Sua Majestade: assim foi chamado Ruud Krol durante sua passagem pelo Napoli. Um dos maiores defensores da história do futebol, o holandês chegou ao San Paolo na fase final da carreira, mas sua enorme qualidade fez com que ele ainda conseguisse jogar bem e conquistasse os corações dos torcedores azzurri.

A história de Krol se confunde com a história do futebol holandês e a do lendário técnico Rinus Michels, expoente do Futebol Total.
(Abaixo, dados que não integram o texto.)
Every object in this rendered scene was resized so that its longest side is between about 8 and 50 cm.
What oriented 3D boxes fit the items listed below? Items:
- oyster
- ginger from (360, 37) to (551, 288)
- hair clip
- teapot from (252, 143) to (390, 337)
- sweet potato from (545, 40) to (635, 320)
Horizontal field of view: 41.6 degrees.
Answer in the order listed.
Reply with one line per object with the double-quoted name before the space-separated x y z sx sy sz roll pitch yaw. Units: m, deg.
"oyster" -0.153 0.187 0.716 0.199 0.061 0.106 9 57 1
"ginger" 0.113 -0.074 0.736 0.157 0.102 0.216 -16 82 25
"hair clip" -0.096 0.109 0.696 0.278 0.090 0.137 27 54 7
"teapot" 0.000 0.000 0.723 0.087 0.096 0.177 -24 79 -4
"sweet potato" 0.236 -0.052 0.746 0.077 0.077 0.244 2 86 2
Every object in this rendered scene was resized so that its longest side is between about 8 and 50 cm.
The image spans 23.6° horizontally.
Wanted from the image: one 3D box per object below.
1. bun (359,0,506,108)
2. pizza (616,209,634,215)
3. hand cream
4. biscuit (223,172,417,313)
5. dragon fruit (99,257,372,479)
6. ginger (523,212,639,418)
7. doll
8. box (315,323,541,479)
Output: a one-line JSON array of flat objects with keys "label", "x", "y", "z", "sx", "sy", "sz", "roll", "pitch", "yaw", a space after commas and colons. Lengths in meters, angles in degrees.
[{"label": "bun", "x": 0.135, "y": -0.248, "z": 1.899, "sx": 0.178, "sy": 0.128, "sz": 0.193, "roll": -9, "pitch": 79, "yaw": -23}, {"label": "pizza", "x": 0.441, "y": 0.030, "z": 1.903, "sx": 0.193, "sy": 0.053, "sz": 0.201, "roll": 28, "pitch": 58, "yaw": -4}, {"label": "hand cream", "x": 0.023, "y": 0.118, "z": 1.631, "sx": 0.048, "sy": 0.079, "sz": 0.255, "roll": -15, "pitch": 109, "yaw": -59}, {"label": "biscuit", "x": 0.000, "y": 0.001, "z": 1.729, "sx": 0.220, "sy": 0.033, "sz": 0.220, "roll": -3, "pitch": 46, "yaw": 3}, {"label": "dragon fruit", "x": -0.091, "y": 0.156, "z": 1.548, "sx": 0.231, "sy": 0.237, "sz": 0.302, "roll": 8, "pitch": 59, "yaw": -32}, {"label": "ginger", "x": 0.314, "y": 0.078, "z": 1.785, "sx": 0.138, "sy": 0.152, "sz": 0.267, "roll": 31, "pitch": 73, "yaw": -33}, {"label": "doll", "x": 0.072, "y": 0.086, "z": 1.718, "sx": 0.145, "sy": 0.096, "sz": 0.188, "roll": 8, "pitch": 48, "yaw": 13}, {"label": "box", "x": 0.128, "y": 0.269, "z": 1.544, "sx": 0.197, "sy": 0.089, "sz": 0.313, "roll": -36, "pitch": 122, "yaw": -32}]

O jogador, nascido em Amsterdam, começou a carreira no Ajax, treinado por Michels, e aos 19 anos, se tornou titular na lateral esquerda dos Godenzonen – mesmo sendo destro. Em 12 anos pelo gigante de seu país, Krol conquistou 16 títulos, incluindo seus ligas locais, três Copas dos Campeões e um Mundial Interclubes. Por duas vezes, o Ajax de Krol e Johan Cruyff encarou equipes italianas nas finais do maior torneio europeu: em 1972, bateu a Inter de Sandro Mazzola, Jair da Costa e Roberto Boninsegna, e no ano seguinte, a Juventus de Dino Zoff, Roberto Bettega e José Altafini.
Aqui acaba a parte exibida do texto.